- _INSTRUCTIONS TO FOLLOW_: When you restate the data, keep every word as it is and drop the images.

[Stored items]
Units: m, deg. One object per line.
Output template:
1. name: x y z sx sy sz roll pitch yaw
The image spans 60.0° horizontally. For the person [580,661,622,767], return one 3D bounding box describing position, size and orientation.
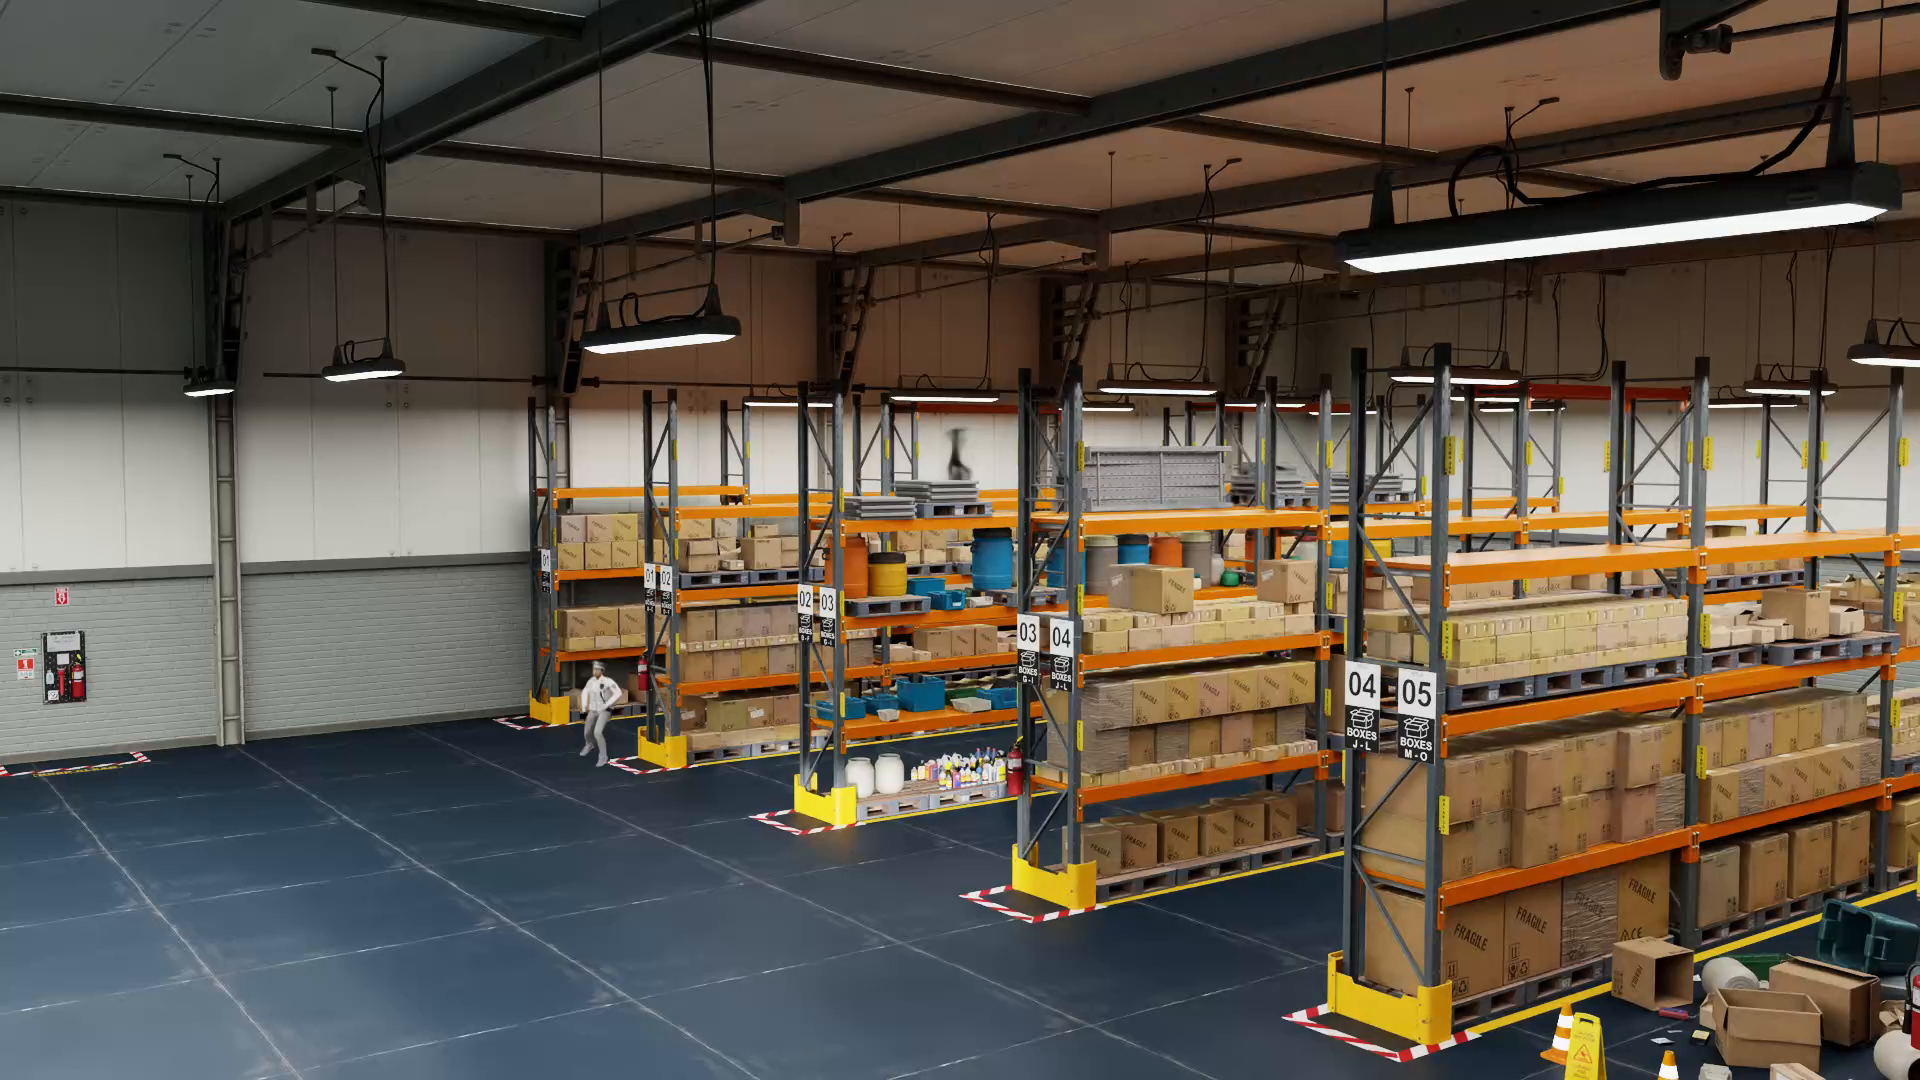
1. person: -5.848 2.771 26.804 0.841 1.688 0.713 1 4 18
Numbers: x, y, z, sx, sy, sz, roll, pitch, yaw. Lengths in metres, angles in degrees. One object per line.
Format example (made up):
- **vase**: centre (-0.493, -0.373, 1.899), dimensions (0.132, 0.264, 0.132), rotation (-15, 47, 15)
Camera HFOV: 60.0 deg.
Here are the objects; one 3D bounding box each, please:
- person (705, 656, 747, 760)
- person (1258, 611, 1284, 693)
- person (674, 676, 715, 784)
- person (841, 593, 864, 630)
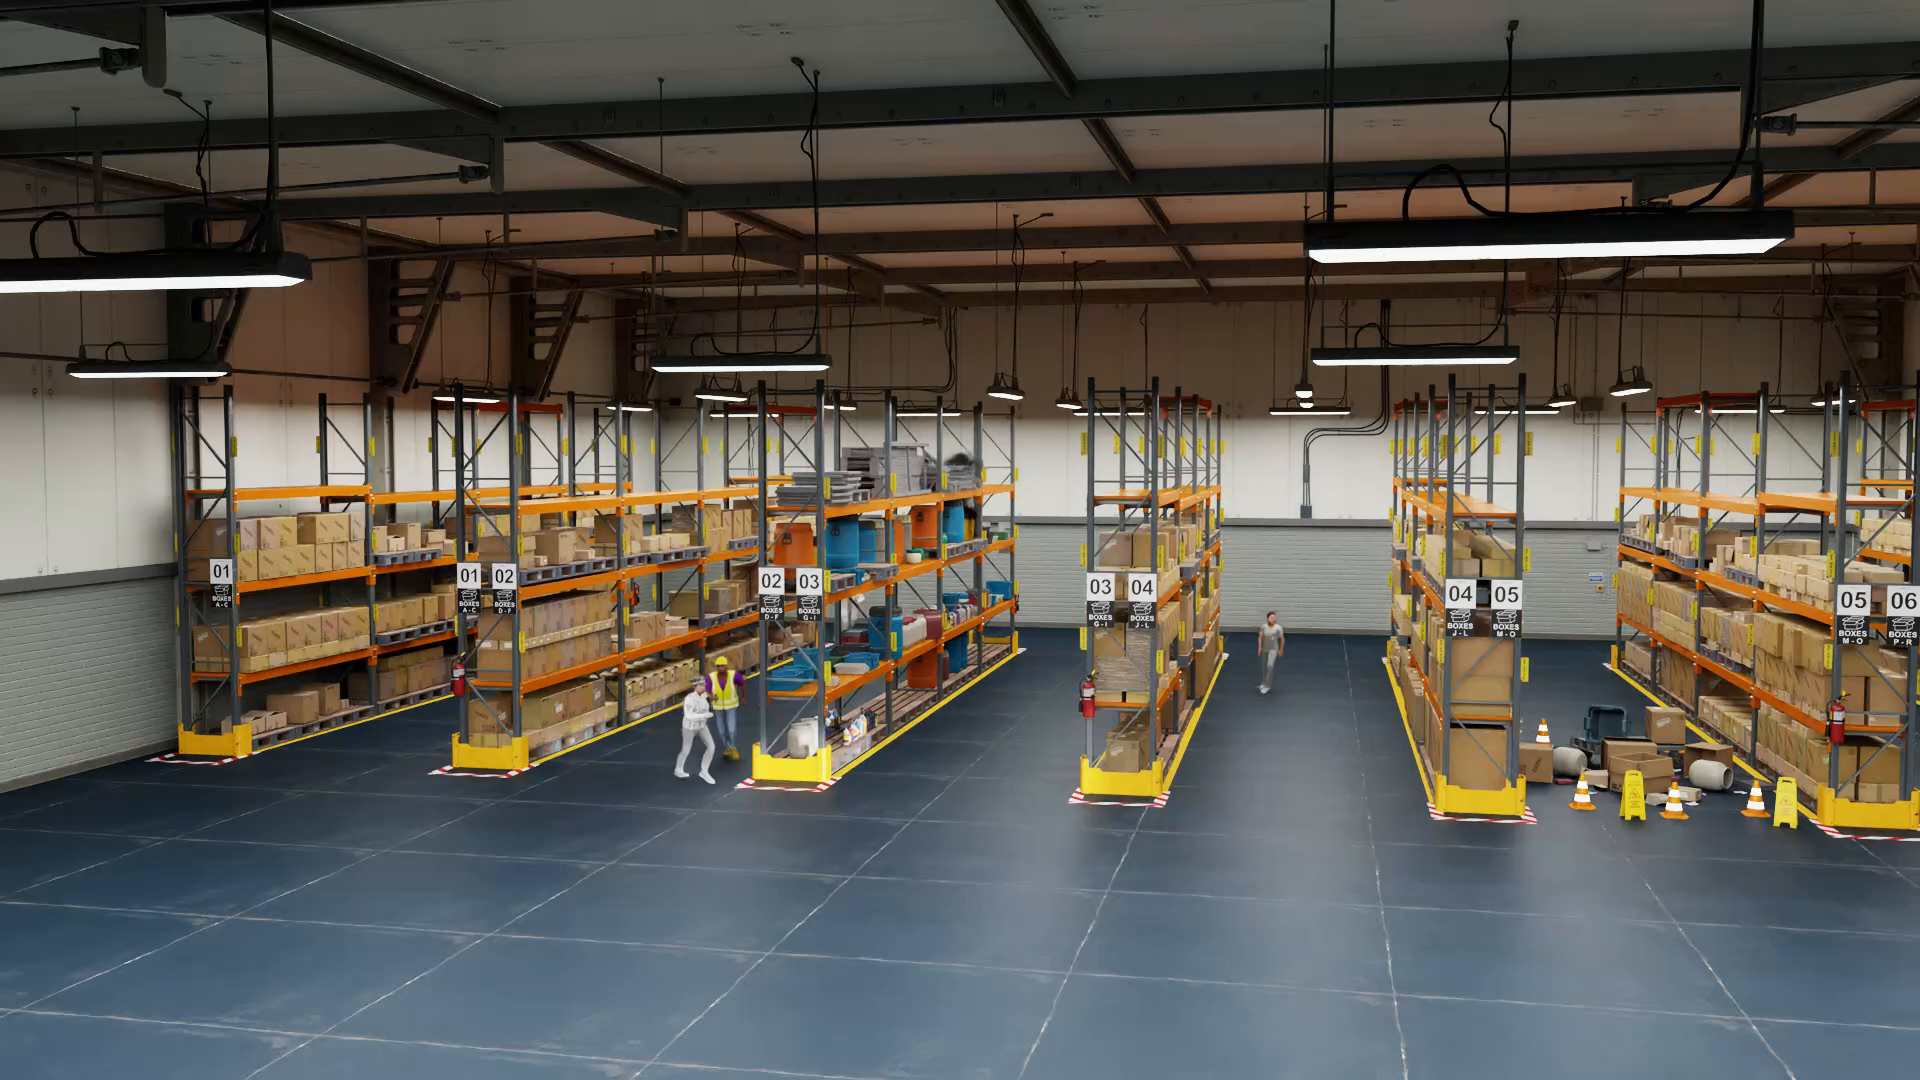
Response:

- _ANSWER AREA_:
Units: m, deg. One object per line.
Output template:
1. name: x y z sx sy sz roll pitch yaw
The image spans 60.0° horizontally. For the person [580,661,622,767], return one 3D bounding box describing position, size and orientation.
1. person: -5.848 2.771 26.804 0.841 1.688 0.713 1 4 18
Numbers: x, y, z, sx, sy, sz, roll, pitch, yaw. Lengths in metres, angles in degrees. One object per line.
Format example (made up):
- **vase**: centre (-0.493, -0.373, 1.899), dimensions (0.132, 0.264, 0.132), rotation (-15, 47, 15)
Camera HFOV: 60.0 deg.
Here are the objects; one 3D bounding box each, please:
- person (705, 656, 747, 760)
- person (1258, 611, 1284, 693)
- person (674, 676, 715, 784)
- person (841, 593, 864, 630)
Response:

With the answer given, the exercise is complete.